Deploying Flask Application on Azure
Create a requirements.txt in same folder as app.py.
Flask
gunicorn
requests
pillow
Login to azure
az login
Create a resource group
az group create --name FlaskRGroup --location eastus
Create an Azure Service plan
az appservice plan create --name FlaskPlan --resource-group FlaskRGroup --sku F1
Direct Deployment
az webapp up --name FlaskAppAzure --resource-group FlaskRGroup --runtime "PYTHON:3.8"

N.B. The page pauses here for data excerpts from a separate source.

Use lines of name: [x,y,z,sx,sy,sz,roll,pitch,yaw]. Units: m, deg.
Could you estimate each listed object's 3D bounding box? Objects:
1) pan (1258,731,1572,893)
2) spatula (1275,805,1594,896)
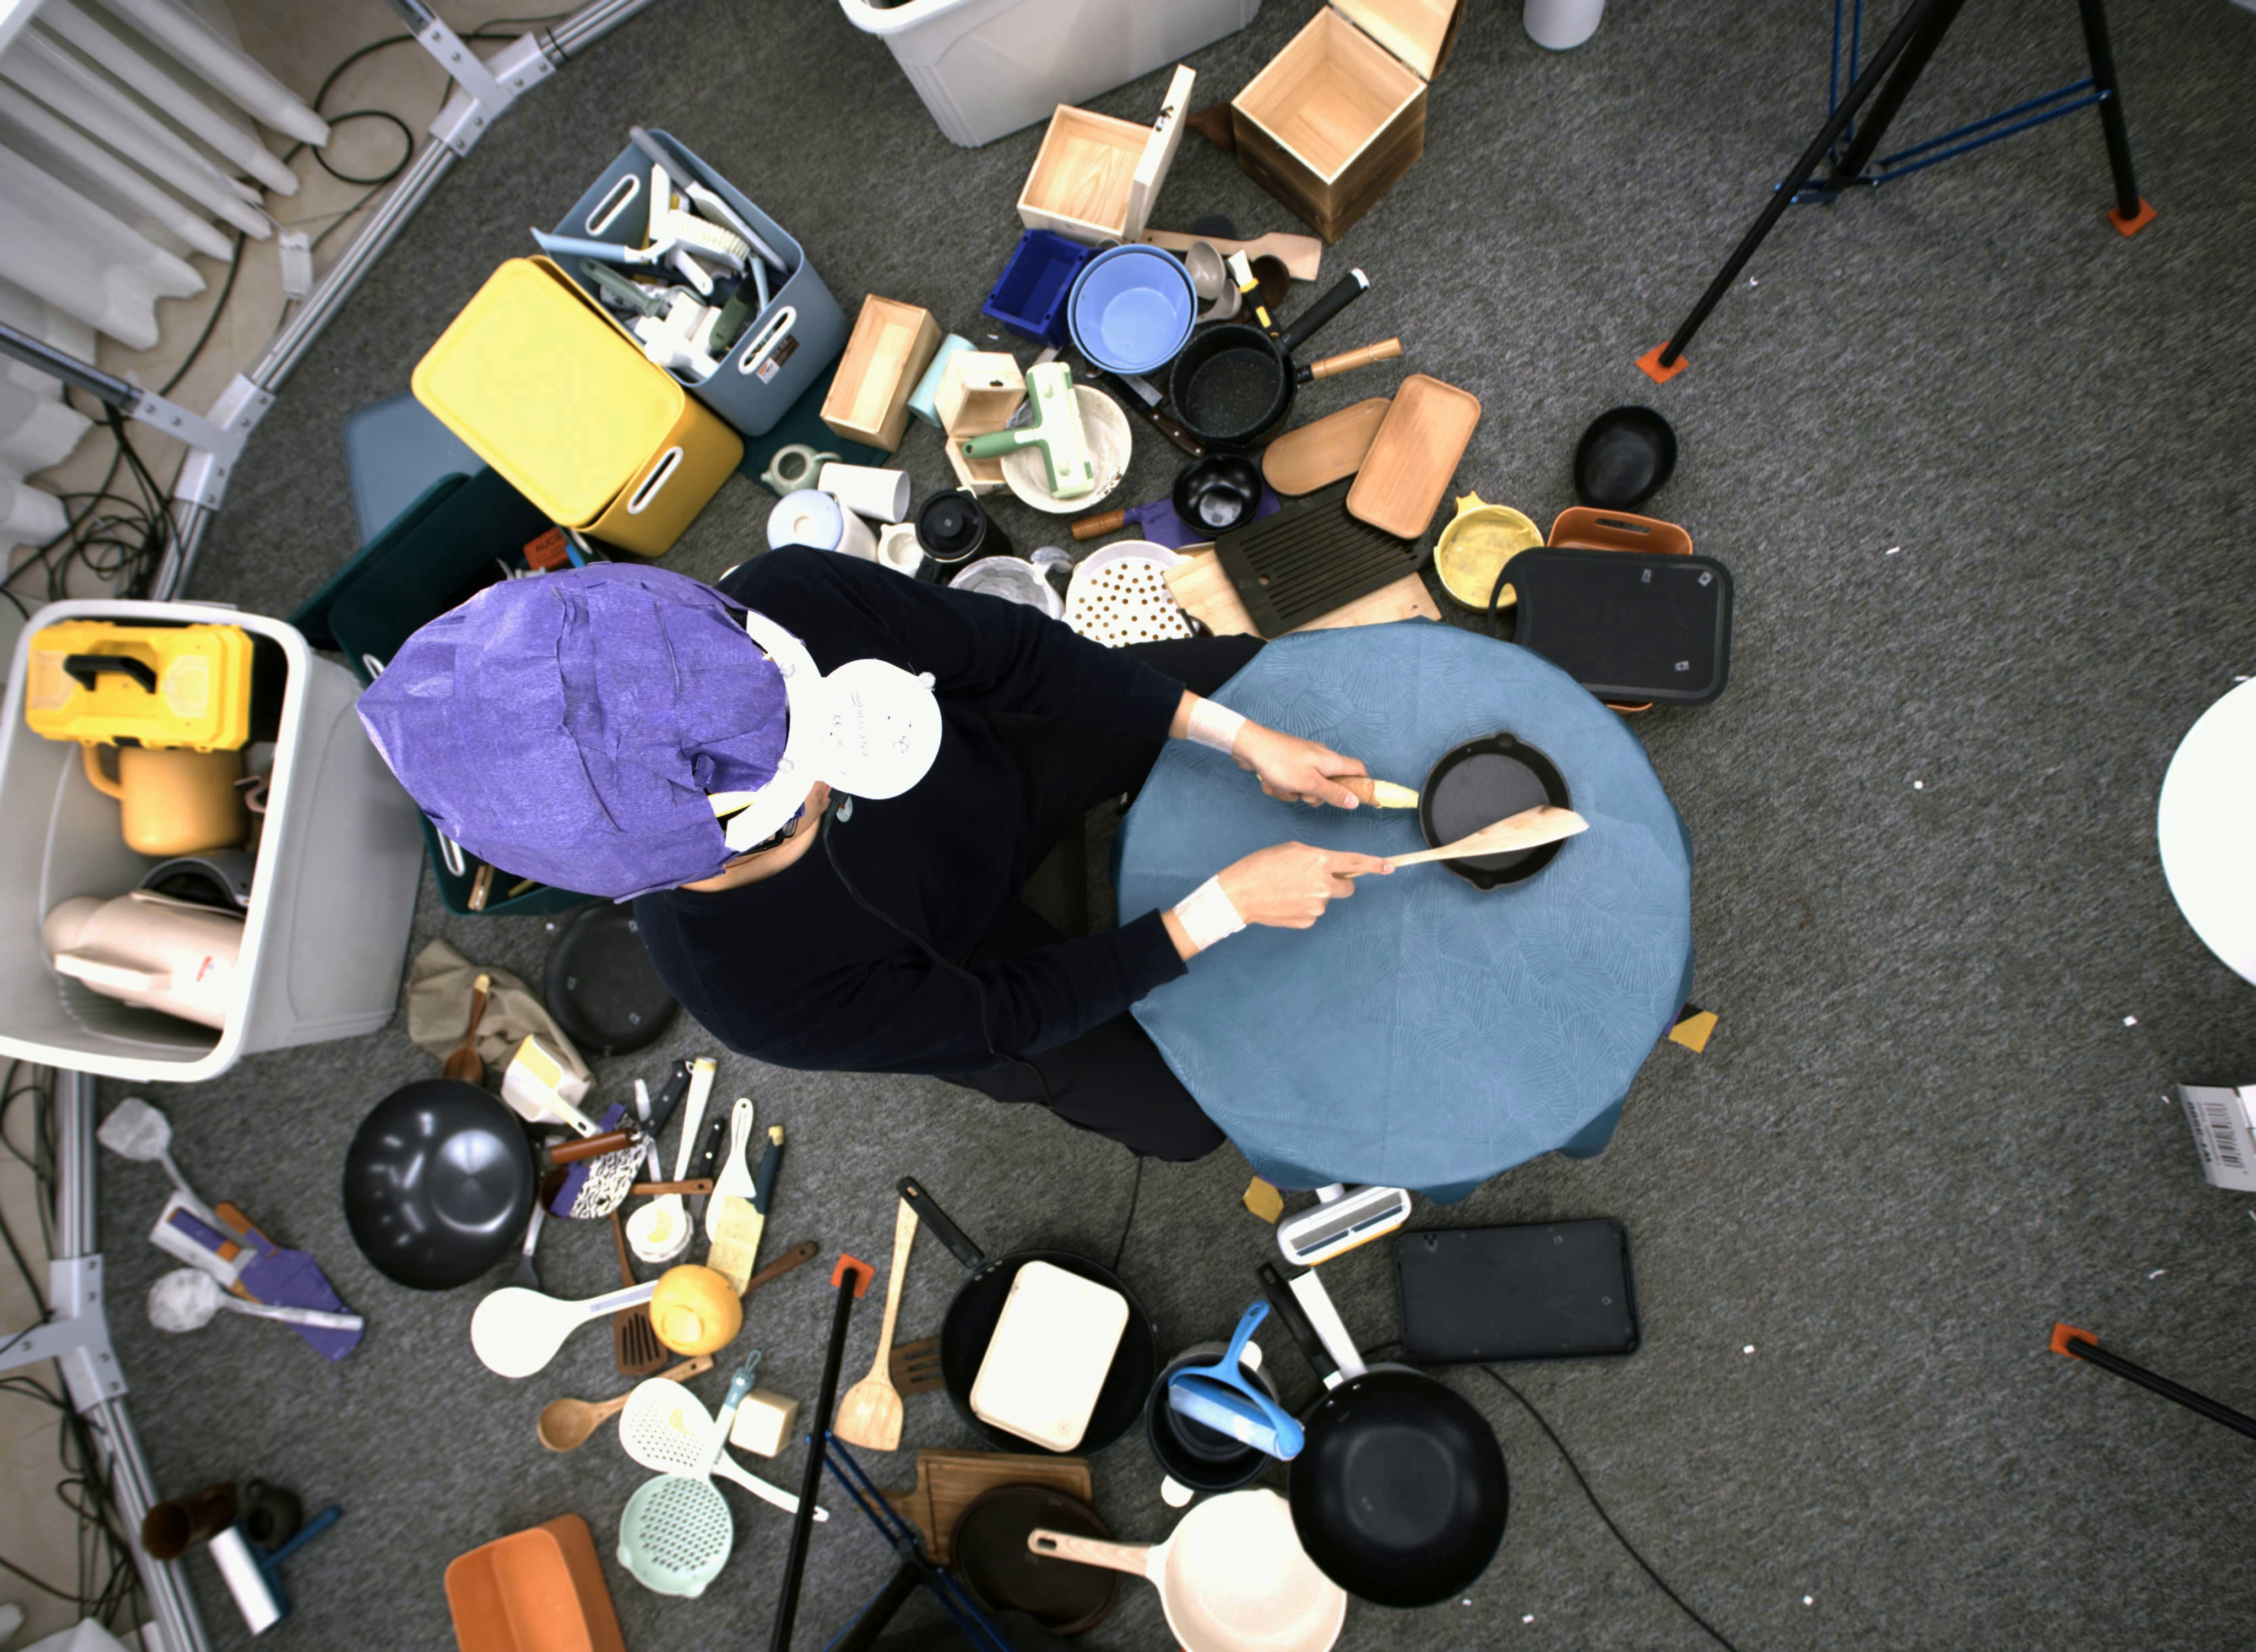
pan: [0.294,-0.032,1.419,0.324,0.049,0.169,11,92,3]
spatula: [0.302,0.024,1.379,0.327,0.079,0.017,-13,111,-8]

Your terminal will wokk something like

Go to the url:

You might want to stop the server or delete it completely if not in use.
az webapp stop --name FlaskAppAzure --resource-group FlaskRGroup
az webapp start --name FlaskAppAzure --resource-group FlaskRGroup
az webapp delete --name FlaskAppAzure --resource-group FlaskRGroup
Also you want to kill the endpoint and compute instance when not in use.